Он говорил быстро и горячо, и Лайоша все сильнее беспокоило подозрение, что где-то в какой-то тяжелый момент он уже видел этот быстрый рот, мелькающие пальцы, беспокойный голубой взгляд. «По-твоему, значит, мы просто трусы? — спросил с серьезным видом барин. — Боимся быть состоятельными? Напуганы тем, что у других, кто нас хотел бы пристукнуть, будет больше оснований, чем раньше?» — «Пожалуй, все не так просто. Ваша совесть — ответ на ропот, которого в старое время никто даже не слышал. Ваши уши обрели вдруг чувствительность и насторожились. Скажу честно, я считаю героями тех, кто этот ропот слышит, но не боится выставить свое состояние напоказ.
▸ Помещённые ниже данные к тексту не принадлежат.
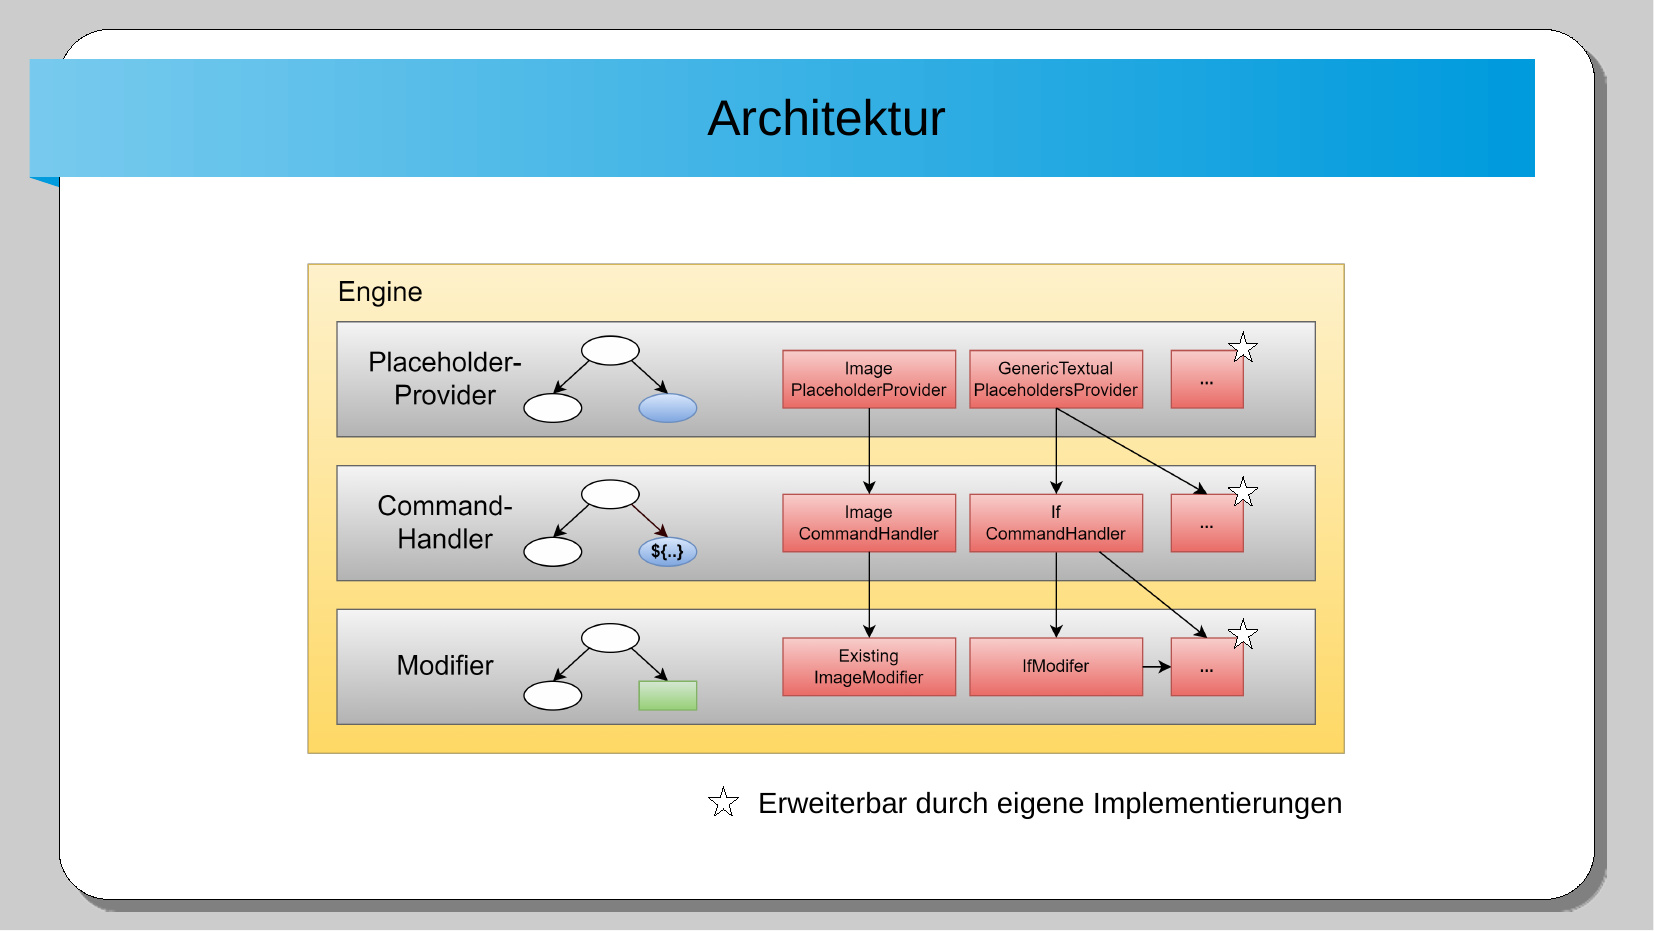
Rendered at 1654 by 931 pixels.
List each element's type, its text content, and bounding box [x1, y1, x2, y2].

text_box Erweiterbar durch eigene Implementierungen [743, 779, 1359, 827]
title Architektur [118, 59, 1536, 178]
text_box [708, 786, 739, 816]
text_box [1228, 331, 1258, 362]
text_box [1228, 476, 1258, 506]
text_box [1228, 618, 1258, 649]
picture [293, 249, 1359, 768]
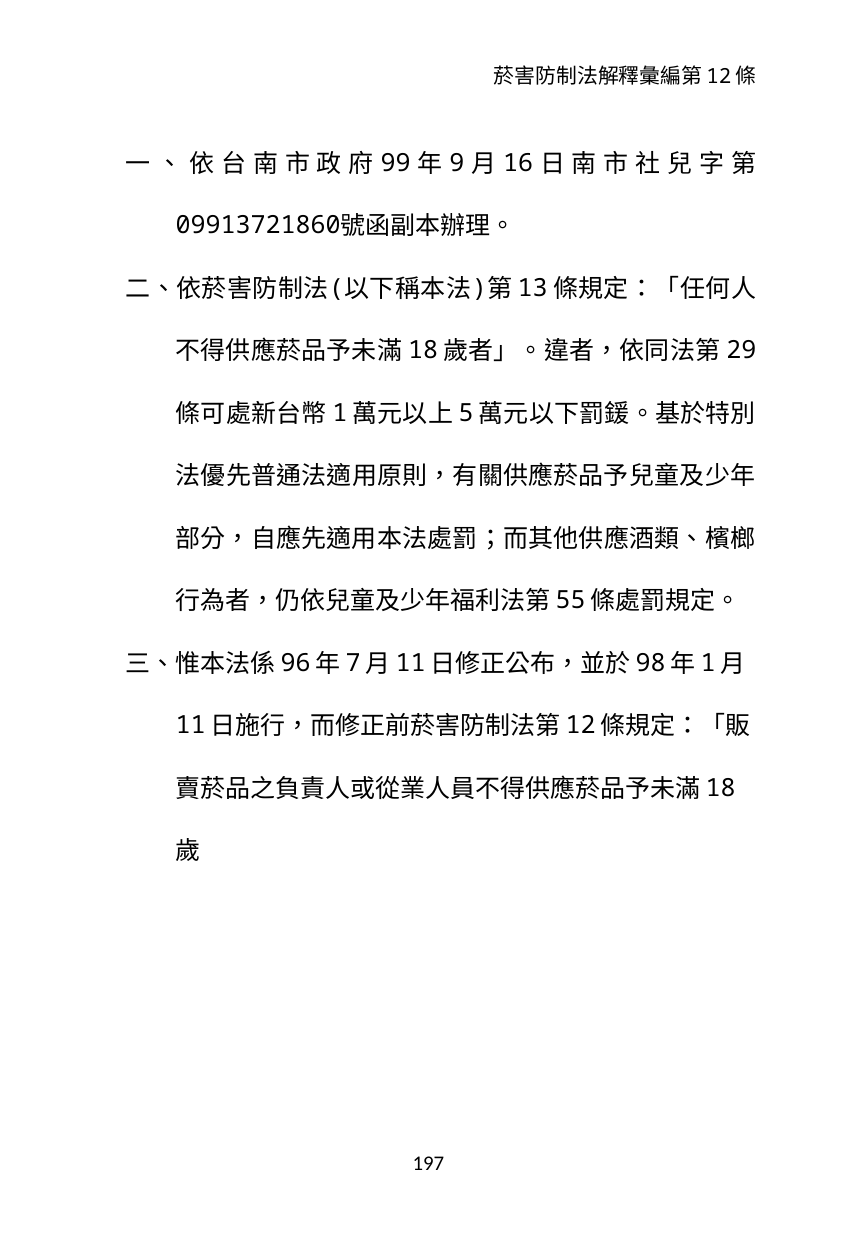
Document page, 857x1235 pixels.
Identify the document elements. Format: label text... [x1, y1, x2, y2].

list 一、依台南市政府99年9月16日南市社兒字第09913721860號函副本辦理。 [125, 119, 756, 244]
list 二、依菸害防制法(以下稱本法)第13條規定：「任何人不得供應菸品予未滿18歲者」。違者，依同法第29條可處新台幣1萬元以上5萬元以下罰鍰。基於特別法優先普通法適用原則，有關供應菸品予兒童及少年部分，自應先適用本法處罰；而其他供應酒類、檳榔行為者，仍依兒童及少年福利法第55條處罰規定。 [125, 244, 756, 619]
list 三、惟本法係96年7月11日修正公布，並於98年1月11日施行，而修正前菸害防制法第12條規定：「販賣菸品之負責人或從業人員不得供應菸品予未滿18歲 [125, 619, 756, 869]

А кто не слышит, глупости того я завидую…» Барин бросил лопату в пустую тачку и, взяв друга под руку, повел его к дому. «Твоя теория, не буду скрывать, действительно кажется мне стрекозиной. Мы, муравьи, такие существа, которые любят строить дома.
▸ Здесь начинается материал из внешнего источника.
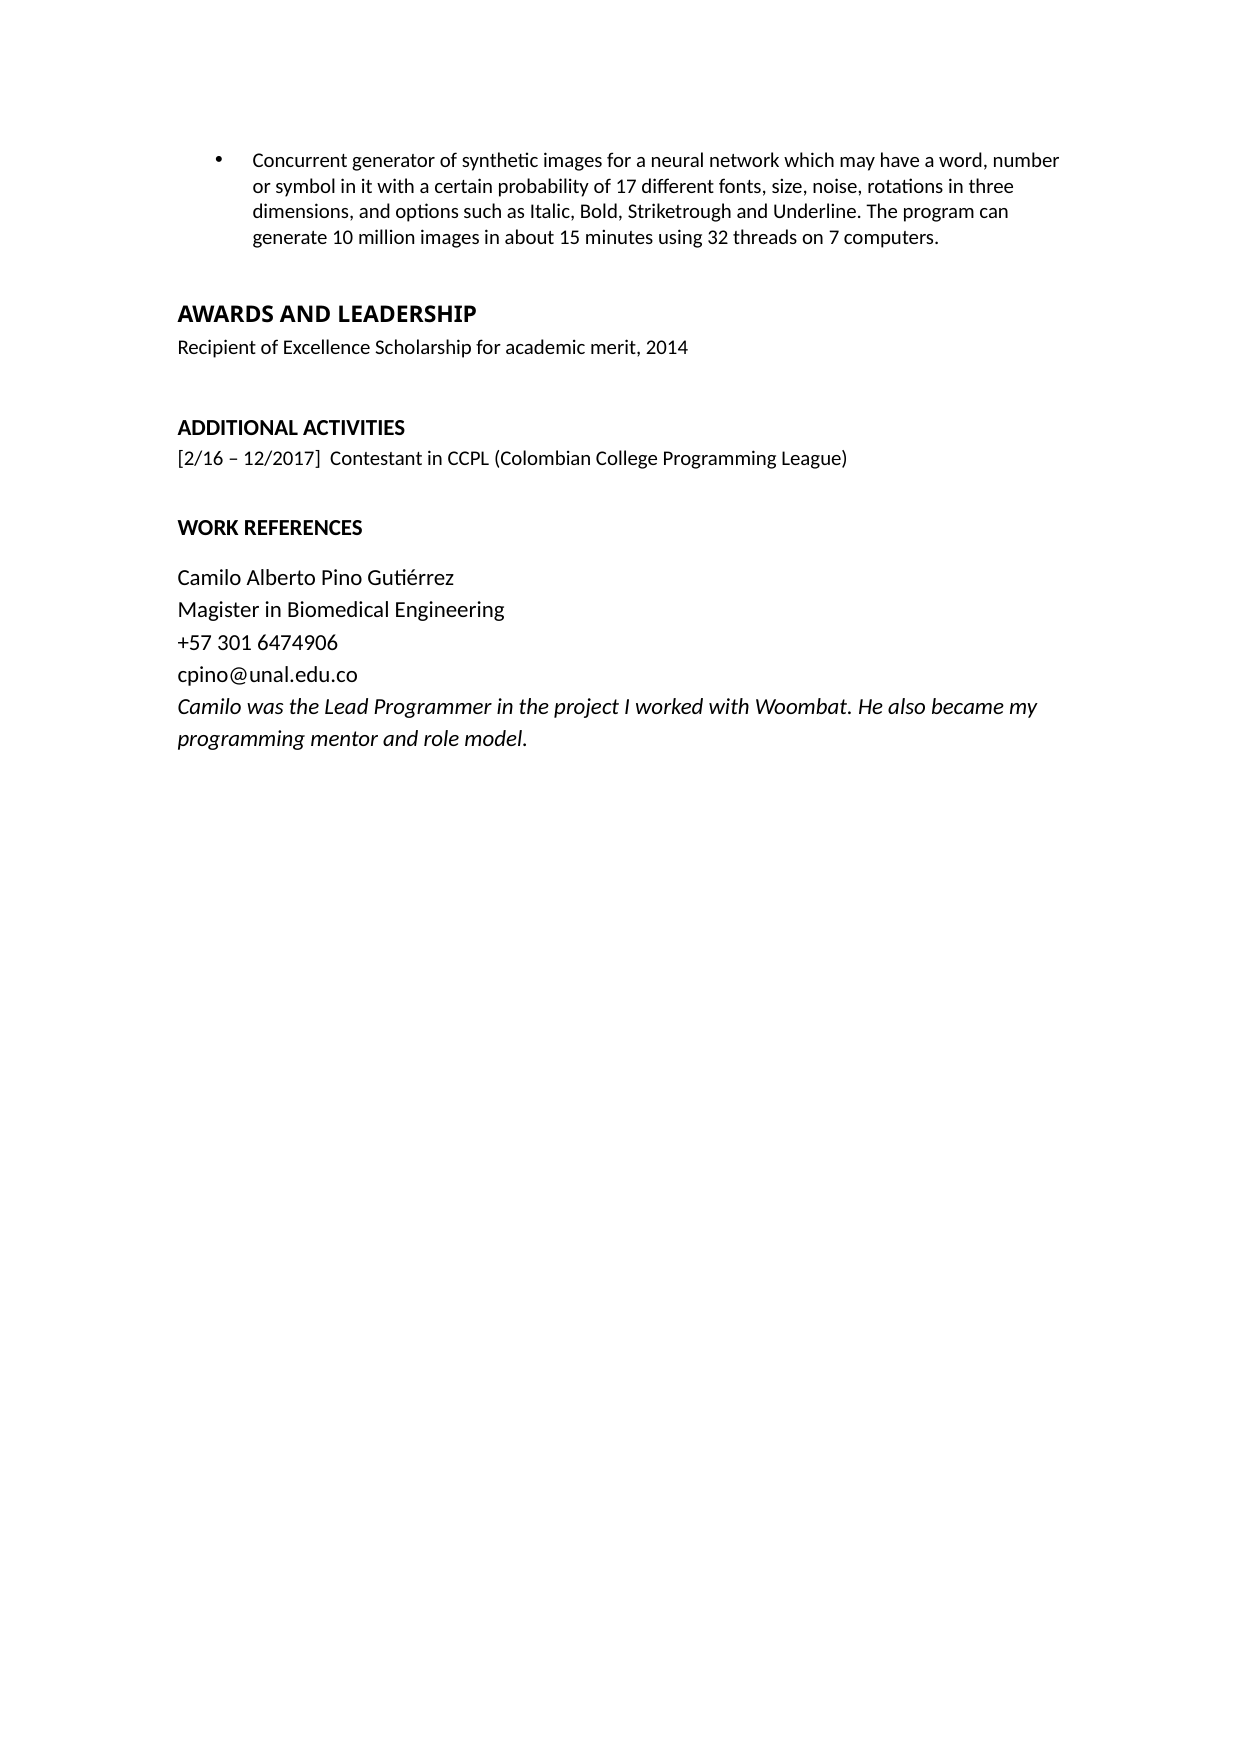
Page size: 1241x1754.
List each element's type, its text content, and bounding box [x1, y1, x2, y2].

text Camilo Alberto Pino Gutiérrez Magister in Biomedical Engineering +57 301 6474906 cpino@unal.edu.co Camilo was the Lead Programmer in the project I worked with Woombat. He also became my programming mentor and role model. [177, 563, 1063, 784]
subtitle AWARDS AND LEADERSHIP [177, 298, 1063, 329]
text Recipient of Excellence Scholarship for academic merit, 2014 [177, 334, 1063, 389]
text [2/16 – 12/2017] Contestant in CCPL (Colombian College Programming League) [177, 445, 1063, 471]
list Concurrent generator of synthetic images for a neural network which may have a word, number or symbol in it with a certain probability of 17 different fonts, size, noise, rotations in three dimensions, and options such as Italic, Bold, Striketrough and Underline. The program can generate 10 million images in about 15 minutes using 32 threads on 7 computers. [215, 148, 1063, 277]
subtitle ADDITIONAL ACTIVITIES [177, 413, 1063, 441]
subtitle WORK REFERENCES [177, 513, 1063, 541]

Я, например, очень даже хочу иметь дом для себя, для своих книг, для своей семьи. Но дом этот пускай выделит мне такой строй, который я бы считал справедливым». — «Дома распределяет не строй, а неустройство», — отвечал гость, уже входя в дом.
Лайош остался возле входа на участок, глядя, как вечерний воздух постепенно наполняется туманом. Когда гость уходил, он остановил его. «Дозвольте спросить, барин: не вы ли гуляли тут летом по улицам?» — «По этим? Вполне возможно». — «Еще стихи какие-то вслух читали?» — «А что?» — «Мне один барин пятьдесят филлеров дал; очень оголодал я тогда и спросил, нет ли работы». — «Вы полагаете, это я был? — посмотрел на Лайоша длинный барин. — Вы разве не слышали, что я против чужой бедности закален? Пятьдесят филлеров? Нет, друг мой, не я». Лайош недоверчиво глядел ему вслед, пока непокрытая седая — голова гостя не растворилась в тумане. Неужто и вправду не он был? Или признаться не хочет?
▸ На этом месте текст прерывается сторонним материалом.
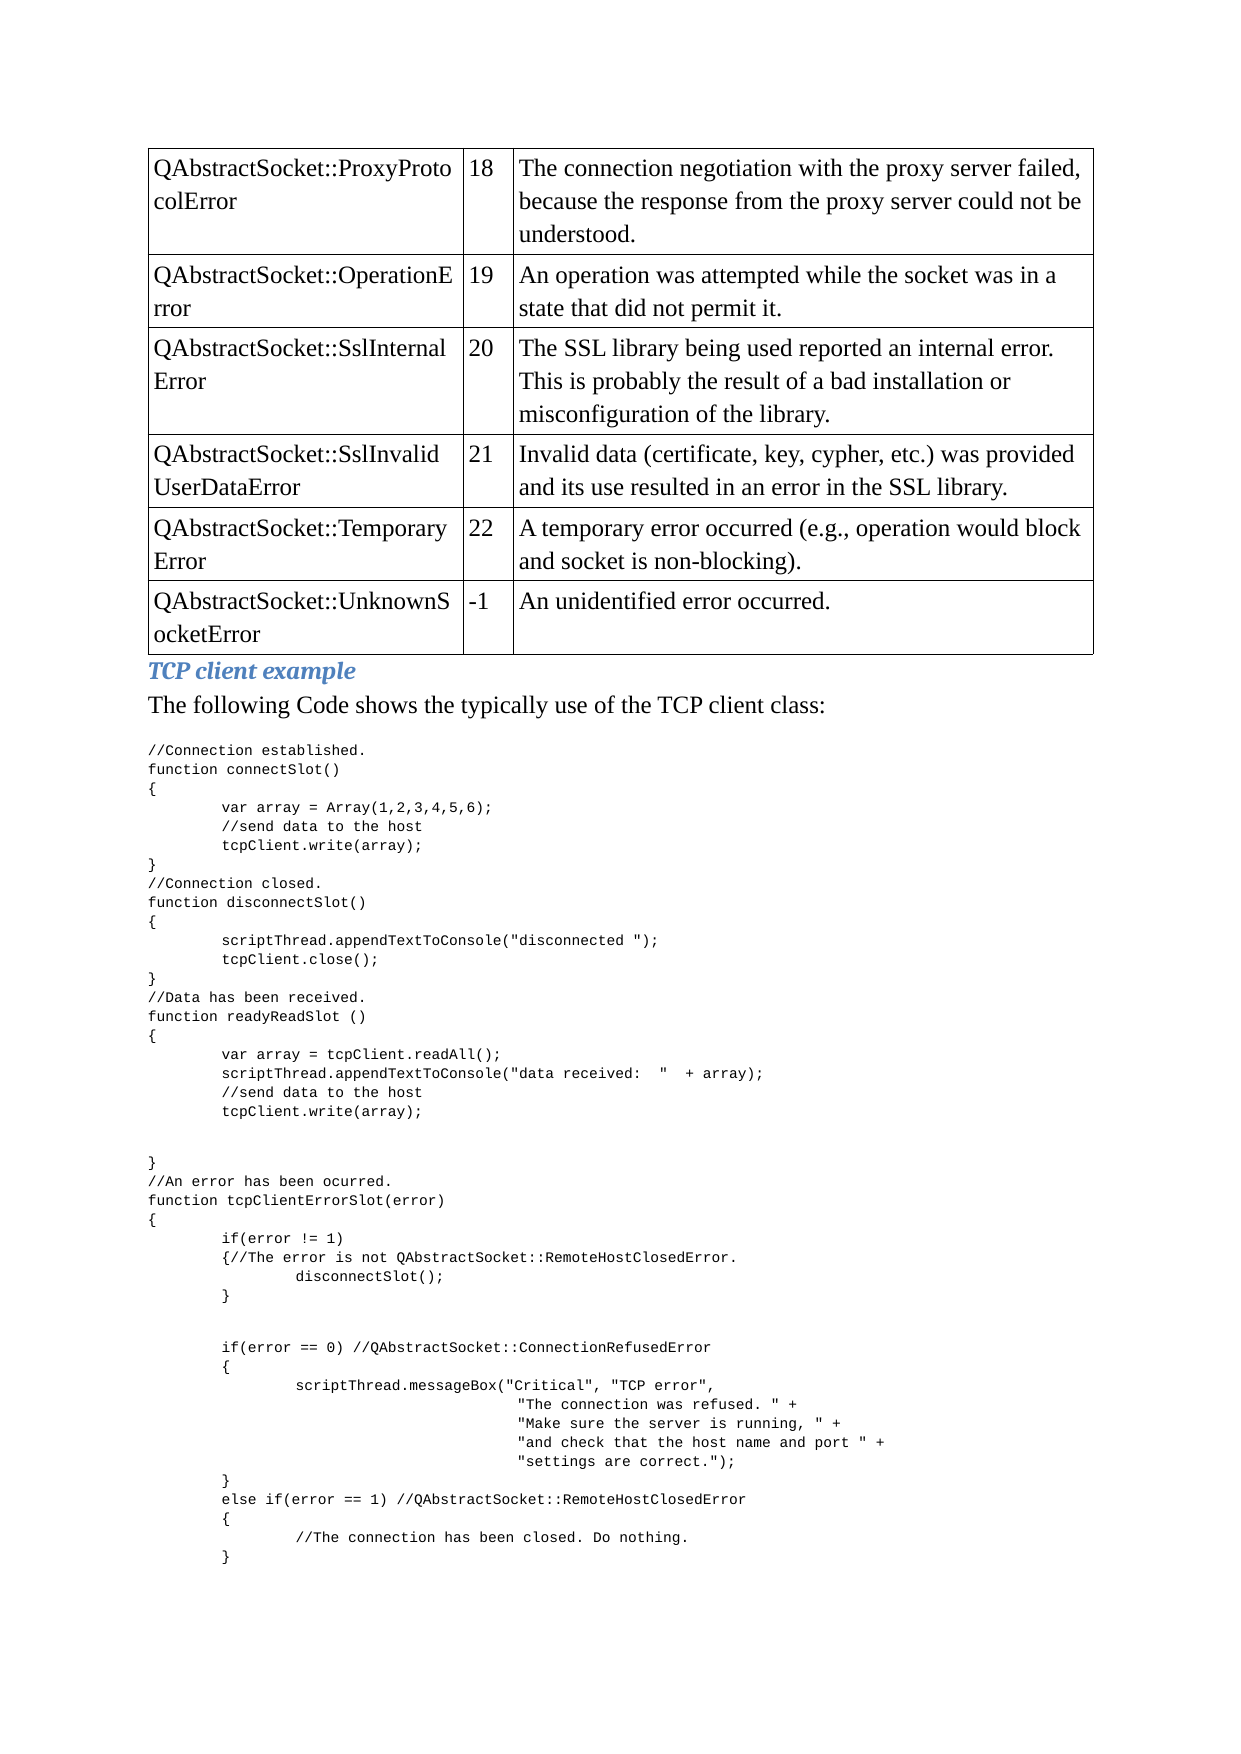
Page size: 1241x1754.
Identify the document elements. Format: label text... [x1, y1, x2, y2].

text scriptThread.appendTextToConsole("disconnected "); [148, 933, 1093, 950]
table_cell QAbstractSocket::SslInvalidUserDataError [149, 435, 463, 507]
text function disconnectSlot() [148, 895, 1093, 912]
table_cell An operation was attempted while the socket was in a state that did not permit it. [514, 255, 1093, 327]
table_cell QAbstractSocket::UnknownSocketError [149, 581, 463, 654]
text } [148, 971, 1093, 988]
text function readyReadSlot () [148, 1009, 1093, 1026]
text { [148, 1213, 1093, 1229]
table_cell An unidentified error occurred. [514, 581, 1093, 654]
text { [148, 781, 1093, 798]
table_cell QAbstractSocket::OperationError [149, 255, 463, 327]
text } [148, 1549, 1093, 1566]
table_cell 21 [464, 435, 513, 507]
text function tcpClientErrorSlot(error) [148, 1194, 1093, 1210]
text //send data to the host [148, 1085, 1093, 1101]
text tcpClient.write(array); [148, 1104, 1093, 1120]
text "The connection was refused. " + [148, 1397, 1093, 1414]
subtitle TCP client example [148, 657, 1093, 685]
text { [148, 914, 1093, 931]
text if(error == 0) //QAbstractSocket::ConnectionRefusedError [148, 1340, 1093, 1357]
table_cell QAbstractSocket::TemporaryError [149, 508, 463, 580]
table_cell QAbstractSocket::ProxyProtocolError [149, 149, 463, 254]
text tcpClient.close(); [148, 952, 1093, 969]
text //The connection has been closed. Do nothing. [148, 1530, 1093, 1547]
text { [148, 1511, 1093, 1528]
text disconnectSlot(); [148, 1269, 1093, 1286]
text "and check that the host name and port " + [148, 1435, 1093, 1452]
text { [148, 1028, 1093, 1044]
text function connectSlot() [148, 762, 1093, 779]
text } [148, 857, 1093, 874]
text {//The error is not QAbstractSocket::RemoteHostClosedError. [148, 1251, 1093, 1267]
text scriptThread.messageBox("Critical", "TCP error", [148, 1378, 1093, 1395]
text "settings are correct."); [148, 1454, 1093, 1471]
text //Data has been received. [148, 990, 1093, 1007]
text tcpClient.write(array); [148, 838, 1093, 855]
table_cell 22 [464, 508, 513, 580]
table_cell -1 [464, 581, 513, 654]
text //Connection closed. [148, 876, 1093, 893]
table_cell 19 [464, 255, 513, 327]
text //send data to the host [148, 819, 1093, 836]
table_cell QAbstractSocket::SslInternalError [149, 328, 463, 434]
text var array = Array(1,2,3,4,5,6); [148, 800, 1093, 817]
text The following Code shows the typically use of the TCP client class: [148, 690, 1093, 718]
text scriptThread.appendTextToConsole("data received: " + array); [148, 1066, 1093, 1082]
text { [148, 1359, 1093, 1376]
text //Connection established. [148, 743, 1093, 760]
table_cell 18 [464, 149, 513, 254]
table_cell A temporary error occurred (e.g., operation would block and socket is non-blocking). [514, 508, 1093, 580]
text "Make sure the server is running, " + [148, 1416, 1093, 1433]
text } [148, 1473, 1093, 1490]
text if(error != 1) [148, 1232, 1093, 1248]
text //An error has been ocurred. [148, 1175, 1093, 1191]
table_cell The SSL library being used reported an internal error. This is probably the result of a bad installation or misconfiguration of the library. [514, 328, 1093, 434]
text else if(error == 1) //QAbstractSocket::RemoteHostClosedError [148, 1492, 1093, 1509]
table_cell 20 [464, 328, 513, 434]
table_cell The connection negotiation with the proxy server failed, because the response from the proxy server could not be understood. [514, 149, 1093, 254]
table_cell Invalid data (certificate, key, cypher, etc.) was provided and its use resulted in an error in the SSL library. [514, 435, 1093, 507]
text var array = tcpClient.readAll(); [148, 1047, 1093, 1063]
text } [148, 1156, 1093, 1172]
text } [148, 1288, 1093, 1305]

Лайош мало что понимал в туманных речах господ. Большая часть услышанного, если б он и стал размышлять над ним, только напрасно измучила бы его бедный мозг. Например, что такое: дом в душе должен иметь фундамент? Или: дом строится из упорства? Душа в понимании Лайоша прежде всего означала дыхание, которое стынет зимой в груди, а в час смерти отлетает на небо. Ну и, кроме того, она означала что-то хорошее, доброту, что ли, которая приводила сестру летом к Кооперативу. Много такой доброты пряталось за насупленными бровями Шкрубека. «Душа не лежит», «у него нет души» — много таких выражений слышал Лайош. Из-за этой вот доброты поминали душу и священники в церкви, о ней говорилось в молитвах. Душа — это была и порядочность, честность; скажем, Водал был хорошим, душевным, пока Маришка не уехала в Сегед. В нем было много теплого, дружелюбного, отчего и рука его была такой ласковой, когда ложилась Лайошу на плечо; эта душевность и рабочих заставляла Водала уважать. Но как дом может иметь фундамент в душе? Как дом может строиться из упорства? «Ишь, до чего упорный». Лайош это слово слыхал лишь в таком сочетании, и оно означало: упрямый, настырный. Упорство нельзя взять и вылить в раствор, словно воду. Тщетно бы ломал Лайош голову и над тем, почему это барин не верит в деньги. Если в деньги не верят, значит, они фальшивые. Но как могут быть деньги фальшивыми вообще? Разве не дают за них в лавке колбасу, чулки, болты? Даже более простые выражения доставили бы ему немало головной боли. Скажем, случается человеку надорваться. Но рядом с «заслоном» «надорваться» теряло понятную связь с тяжелым мешком на спине. «Заслон» же — это известное по солдатской службе слово, за ним стояли цепи, окопы; мешки, клеенчатые деревенские диваны и окопы, которые Лайош рыл в лагерях, растерянно бы взирали друг на друга, если бы он попробовал вникнуть в смысл речей тощего гостя. «Заставил служить бы своим капризам» — это тоже было как длинный какой-то коридор: пока мозг Лайоша добрался бы до конца, богатство, которое гость хотел заставить служить капризам, давно бы где-нибудь потерялось. В нем смутно отдавалось, что бесчеловечность приходилось брать на себя государству, но странная эта связь слов пугала его. Ну а фразы вроде «Ваша совесть — ответ на ропот» поднимали в нем лишь такой же темный вихрь протеста, как в детстве, когда девчонки, раздевавшие его в соломе, на своем тайном языке «ко» переговаривались между собой: коне кого-ково-кори копри кола-койо-коше.